Task instructions ->
Where the string "units" appears in a line of the material below, copy that line.

Data supplied ->

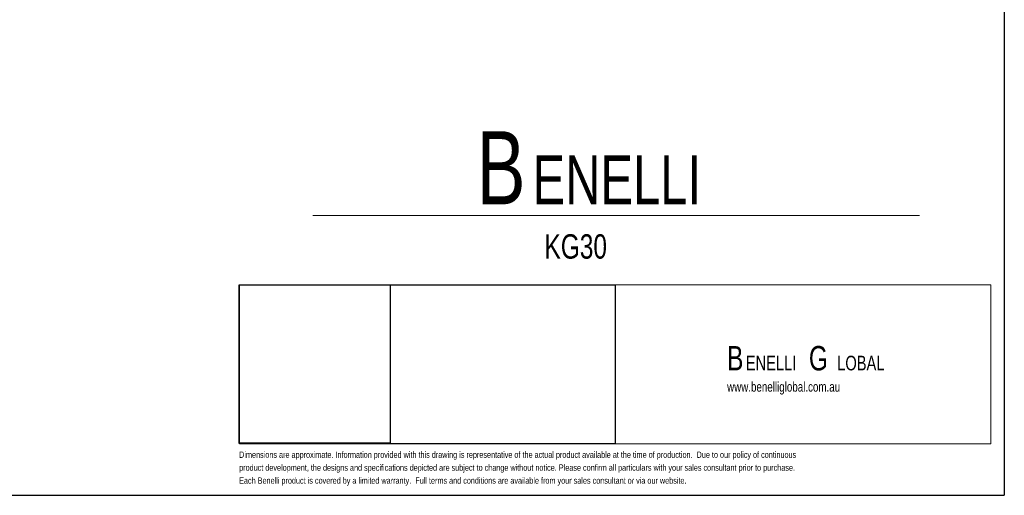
# Model space of a CAD drawing. Header units: millimetres. Extents: x 3 to 415, y 5 to 292.
# Tile 2 of 5: x 213 to 415, y 5 to 103. Entities that reach past the tile are written whole.
import ezdxf

# ---------------------------------------------------------------- set-up
doc = ezdxf.new("R2010")
doc.units = ezdxf.units.MM
doc.layers.add('FORMAT', color=179, linetype='Continuous')
doc.layers.add('LAYER_1', color=179, linetype='Continuous')
doc.styles.add('SLDTEXTSTYLE0', font='TXT', dxfattribs={"width": 0.75})

# ---------------------------------------------------------------- blocks, each defined once
blk = doc.blocks.new('BLOCK 3')
at = {"layer": 'FORMAT', "color": 250, "lineweight": 18, "true_color": 0x191924}
for p, q in [((407.62, 51.8), (253.44, 51.8)), ((253.44, 51.8), (253.44, 19.17)), ((407.62, 19.17), (407.62, 51.8)), ((253.44, 19.17), (407.62, 19.17))]:
    blk.add_line(p, q, dxfattribs=at)
blk = doc.blocks.new('BLOCK 2')
at = {"layer": 'LAYER_1', "color": 250, "lineweight": 18, "true_color": 0x191924}
for p, q in [((407.62, 51.8), (253.44, 51.8)), ((253.44, 51.8), (253.44, 19.17)), ((407.62, 19.17), (407.62, 51.8)), ((253.44, 19.17), (407.62, 19.17))]:
    blk.add_line(p, q, dxfattribs=at)
at = {"color": 7, "linetype": 'Continuous'}
blk.add_blockref('BLOCK 3', (0, 0), dxfattribs=at)
blk = doc.blocks.new('SW_NOTE_0')
at = {"layer": 'FORMAT', "color": 0, "attachment_point": 1, "style": 'SLDTEXTSTYLE0'}
for s, insert, char_height in [('B', (0, 19.34), 15), ('ENELLI', (11.48, 14.36), 10)]:
    blk.add_mtext(s, dxfattribs=dict(at, insert=insert, char_height=char_height))
blk = doc.blocks.new('SW_NOTE_0_1')
at = {"layer": 'FORMAT', "color": 0, "attachment_point": 1, "style": 'SLDTEXTSTYLE0'}
for s, insert, char_height in [('B', (0, 6.45), 5), ('G', (16.78, 6.45), 5), ('ENELLI', (3.83, 4.45), 3), ('LOBAL', (22.59, 4.45), 3)]:
    blk.add_mtext(s, dxfattribs=dict(at, insert=insert, char_height=char_height))

msp = doc.modelspace()

# ---------------------------------------------------------------- linework, layer by layer
at = {"layer": 'FORMAT'}
for p, q in [((415.2814, 292.2451), (415.2814, 5.4475)), ((258.2638, 16.1164), (258.2638, 48.6256)), ((258.2638, 48.6256), (289.2597, 48.6256)), ((258.3659, 15.9942), (258.3659, 48.6256)), ((258.3659, 48.6256), (335.4578, 48.6256)), ((289.2597, 48.6256), (289.2597, 16.1164)), ((335.4578, 48.6256), (335.4578, 15.9942)), ((289.2597, 16.1164), (258.2638, 16.1164)), ((335.4578, 15.9942), (258.3659, 15.9942)), ((2.9641, 5.4475), (415.2814, 5.4475))]:
    msp.add_line(p, q, dxfattribs=at)
at = {"layer": 'FORMAT', "color": 250, "lineweight": 18, "true_color": 0x191924}
for p, q in [((273.3979, 62.8392), (397.9086, 62.8392)), ((258.3659, 15.9942), (258.3659, 48.6256)), ((258.3659, 48.6256), (412.5497, 48.6256)), ((412.5497, 48.6256), (412.5497, 15.9942)), ((412.5497, 15.9942), (258.3659, 15.9942))]:
    msp.add_line(p, q, dxfattribs=at)
at = {"layer": 'FORMAT', "lineweight": 18}
for p, q in [((258.2638, 16.1164), (258.2638, 48.6256)), ((258.2638, 48.6256), (289.2597, 48.6256)), ((258.3659, 15.9942), (258.3659, 48.6256)), ((258.3659, 48.6256), (335.4578, 48.6256)), ((289.2597, 48.6256), (289.2597, 16.1164)), ((335.4578, 48.6256), (335.4578, 15.9942)), ((289.2597, 16.1164), (258.2638, 16.1164)), ((335.4578, 15.9942), (258.3659, 15.9942))]:
    msp.add_line(p, q, dxfattribs=at)

# ---------------------------------------------------------------- block references
at = {"layer": 'FORMAT'}
for name, p in [('SW_NOTE_0', (307.0025, 60.7929)), ('BLOCK 2', (4.9256, -3.1736)), ('SW_NOTE_0_1', (358.4004, 29.6197))]:
    msp.add_blockref(name, p, dxfattribs=at)

# ---------------------------------------------------------------- texts
at = {"layer": 'FORMAT', "attachment_point": 1, "style": 'SLDTEXTSTYLE0'}
for s, insert, char_height in [('KG30', (320.926, 58.9847), 5), ('www.benelliglobal.com.au', (358.4004, 28.7024), 2)]:
    msp.add_mtext(s, dxfattribs=dict(at, insert=insert, char_height=char_height))
at = {"layer": 'LAYER_1', "color": 250, "true_color": 0x191924, "char_height": 1.3, "attachment_point": 1, "style": 'SLDTEXTSTYLE0'}
for s, insert in [('Dimensions are approximate. Information provided with this drawing is representative of the actual product available at the time of production.  Due to our policy of continuous', (258.2638, 14.4307)), ('product development, the designs and specifications depicted are subject to change without notice. Please confirm all particulars with your sales consultant prior to purchase.', (258.2638, 11.7763)), ('Each Benelli product is covered by a limited warranty.  Full terms and conditions are available from your sales consultant or via our website.', (258.2638, 9.1219))]:
    msp.add_mtext(s, dxfattribs=dict(at, insert=insert))

doc.saveas('drawing.dxf')

Finished task ->
# Model space of a CAD drawing. Header units: millimetres. Extents: x 3 to 415, y 5 to 292.
doc.units = ezdxf.units.MM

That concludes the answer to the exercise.